沈念转身走了。走出图书馆的时候,她忍不住回头看了一眼。
他正看着她。
四目相对。
他飞快地移开了视线。
沈念笑了。这是她转学以来,第一次真心地笑。
第三天,她又去了图书馆。
她带了一个橘子。
她走到他旁边,坐下来。
他抬头看了她一眼,没说话。
沈念把橘子放在桌上,推到他面前。
“给你。”
他看了一眼橘子,没动。
“很甜的。”她说。
他还是没动。
沈念把橘子放在他桌上,抱着书走了。
她走到门口的时候,回头看了一眼。
他正在看着那个橘子。
第四天,她到图书馆的时候,发现桌上放着一个橘子。
是她昨天给的那个。皮已经剥好了,一瓣一瓣摆得整整齐齐。
她抬头,看到他坐在远处,正低头看书。
耳朵尖是红的。
沈念拿起一瓣橘子,放进嘴里。
很甜。
比她自己剥的甜。
她不知道为什么会这样。明明是一样的橘子,一样的甜度,但因为他剥的,就觉得不一样。
她吃了一瓣,又一瓣。
吃到第三瓣的时候,她忽然想起一件事——他有洁癖吗?他剥橘子之前洗手了吗?
她看了一眼他的手。
他的手指很干净,指甲修剪得整整齐齐。
应该洗过了吧。
她又吃了一瓣。
从那以后,沈念每天都会带两个橘子。
一个给他,一个给自己。
他从来不说话,也从来不当着她的面吃。但第二天,桌上总会放着一个剥好的橘子。
一瓣一瓣,摆得整整齐齐。
沈念有一次问他:“你剥橘子怎么剥得这么好?”
他看了她一眼:“你剥得不好。”
“我剥得哪里不好了?”
“皮没剥干净。白色的络也没撕掉。”
“那个可以吃。”
“苦。”
“你不吃苦的?”
“不吃。”
“那你吃什么?”
“甜的。”
沈念看着他:“你看起来不像喜欢吃甜的人。”
“为什么?”
“因为你看起来什么都不喜欢吃。”
他没说话。
“那你喜欢吃什么?”沈念又问。
“橘子。”他说。
沈念愣了一下,然后笑了。
他也笑了。
那是沈念第一次看到他笑。

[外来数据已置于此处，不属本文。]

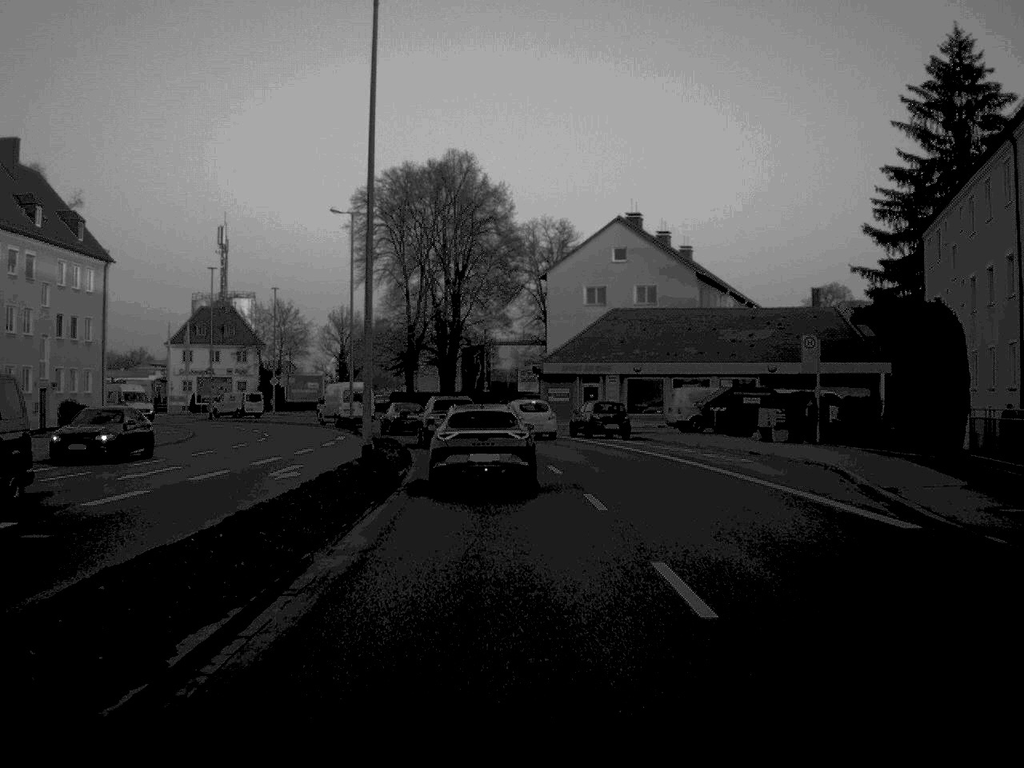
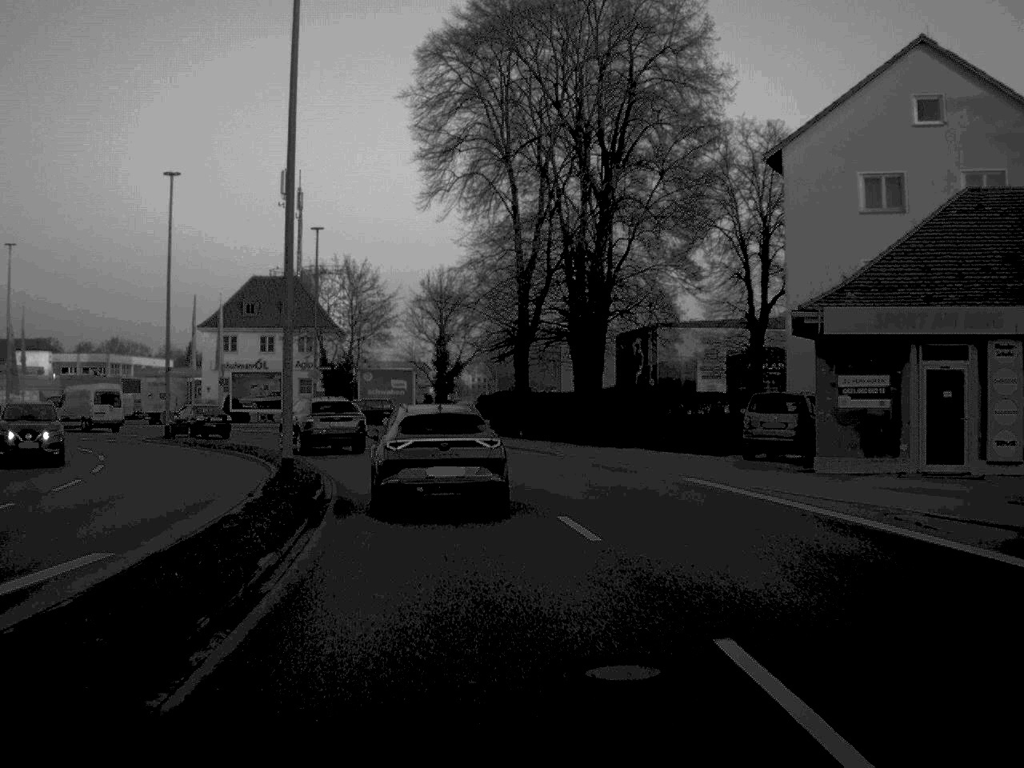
(-1.7, +39.6) m; -7°
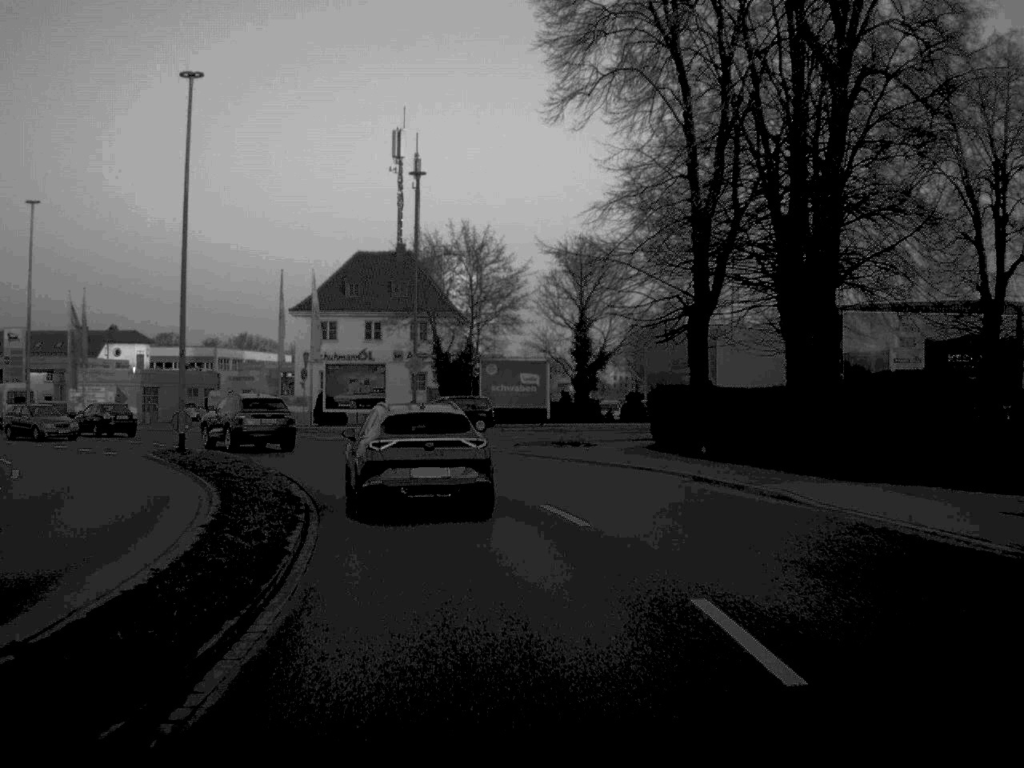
(-0.9, +16.0) m; -6°
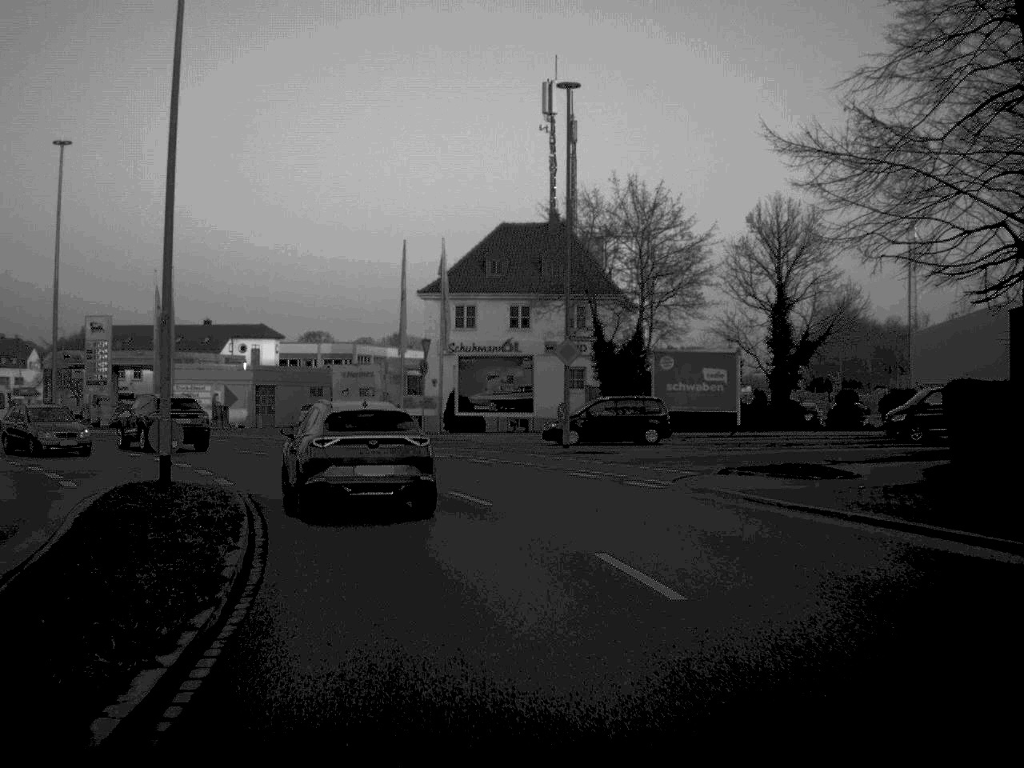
(-0.9, +14.6) m; -7°
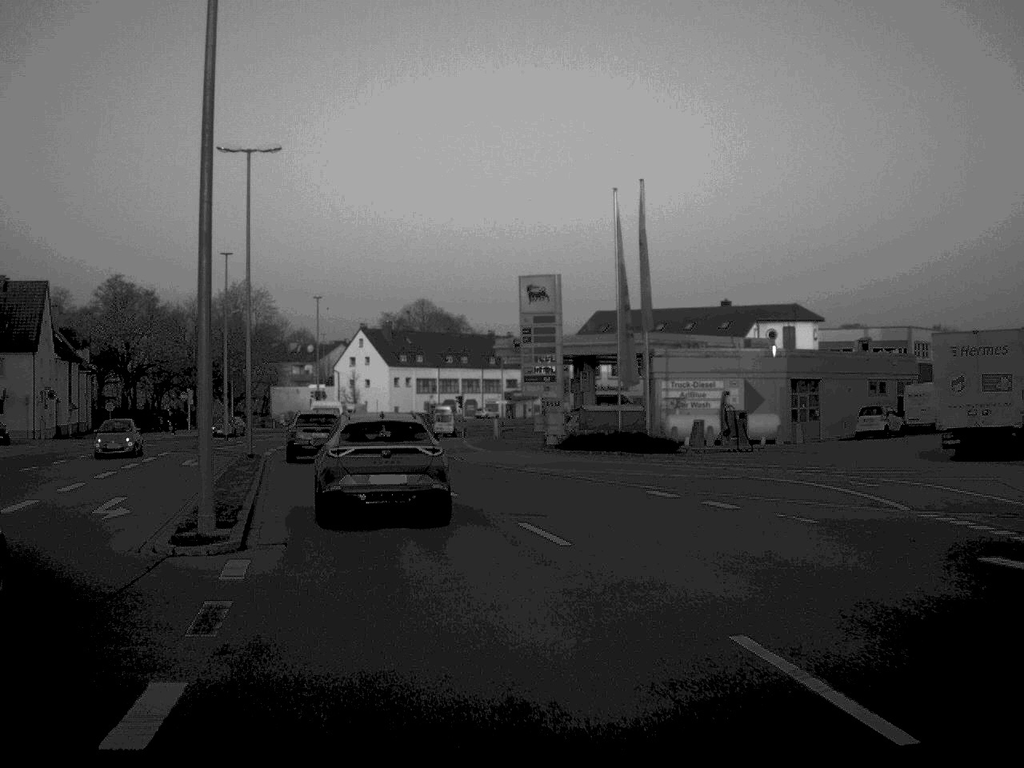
(-5.9, +29.2) m; -24°
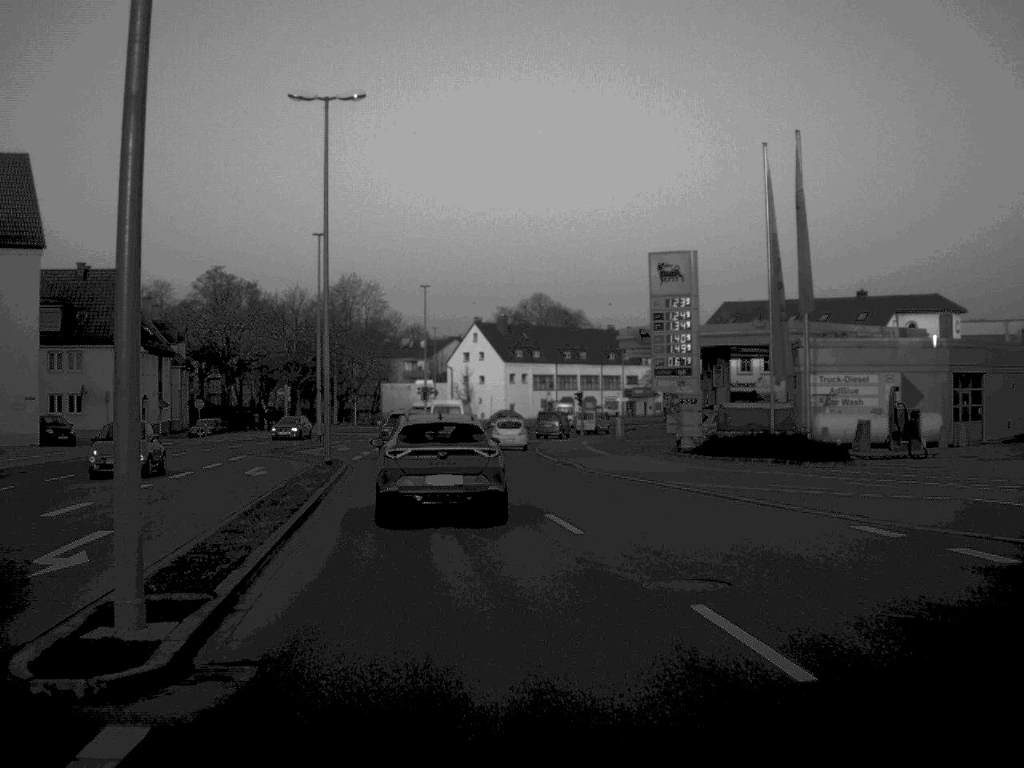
(-0.3, +7.2) m; -5°
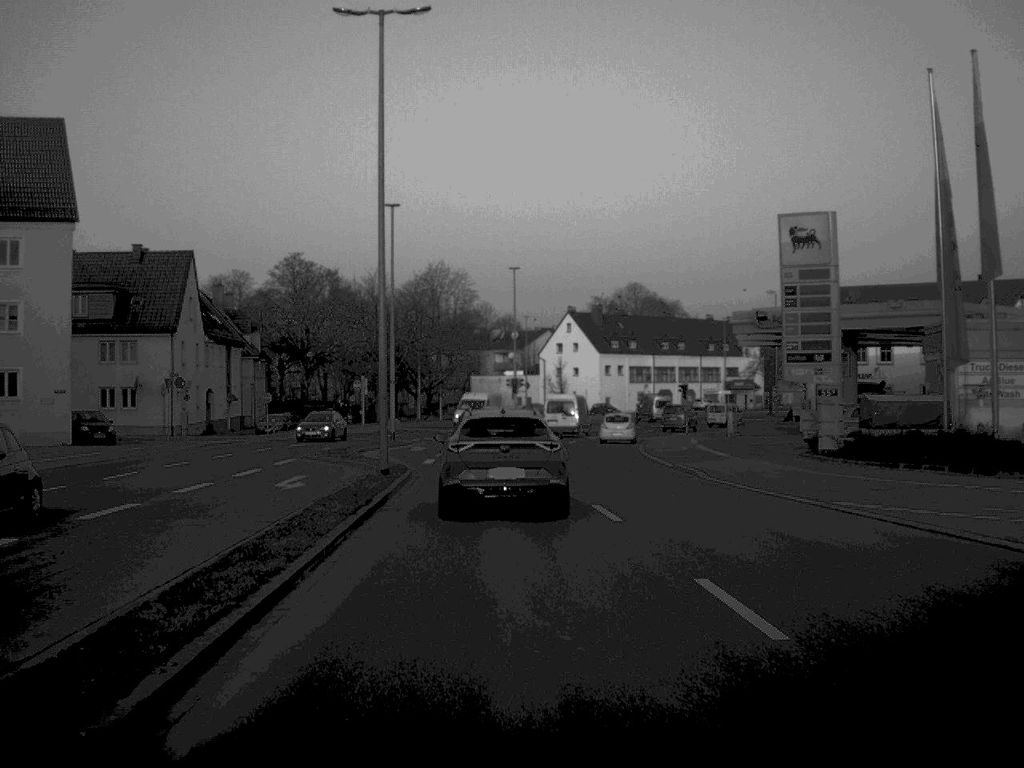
(-0.3, +7.6) m; -4°

不是客气的微笑,不是礼貌性的嘴角上扬,是那种眉眼舒展、眼睛里全是光的笑。
她心跳漏了一拍。
她想,她完了。
日子就这样一天一天地过去。
沈念每天去图书馆,陆砚舟每天也在。她看书,他也看书。她带橘子,他剥橘子。她说话,他听。他不怎么说话,但他听得很认真。她说什么他都听——说她姨妈家的事,说她想考美院的事,说她小时候跟她爸爸去新华书店的事。
他听,然后点头,或者嗯一声。
有时候他会说一句话,很短,但每次都能说到她心坎上。
她说:“我想学建筑,但大家都说女孩子学建筑太累了。”
他说:“你喜欢就行。”
她说:“我爸爸要是还在就好了。”
他说:“他在的。”
“在哪?”
“在你心里。”
沈念的眼眶红了。
她低下头,假装在看書。
他也没有再说话。
两个人就这样并排坐着,谁都不说话,一直坐到图书馆关门。
有一天,沈念问他:“你为什么每天都来图书馆?”
他想了想:“安静。”
“你在家不能看书吗?”
“不能。”
“为什么?”
他没回答。
沈念后来才知道,他舅舅家很吵。他舅舅陆志远开了一家小超市,每天都有来来往往的人。他表弟表妹才上小学,在家里跑来跑去,大呼小叫。他没有自己的房间,睡在客厅的沙发上。每天晚上,他都要等所有人都睡了才能安静下来看书。
图书馆是他唯一能安静待着的地方。
沈念知道这件事之后,第二天多带了一个橘子。
“今天怎么多了一个?”他问。
“给你的。”
“昨天不是给过了?”
“那是昨天的。这是今天的。”
他看着她,接过橘子。
“沈念。”
“嗯。”
“谢谢。”
沈念愣了一下。这是她第一次听他说“谢谢”。
“不客气。”她说。
她低下头,假装看书,嘴角弯着,弯了很久。
那年夏天过得很慢,又很快。
慢到沈念觉得每一天都像一年。快到一转眼,暑假就来了。
暑假的时候,图书馆关门了。
沈念不知道去哪里找他。
她每天在家看书,画图,发呆。她画了很多张速写——青溪镇的街道、石桥、老宅、河边的香樟树。她画得最好的一张,是一个男生的侧影——很高,很瘦,坐在窗边,逆光,看不清表情。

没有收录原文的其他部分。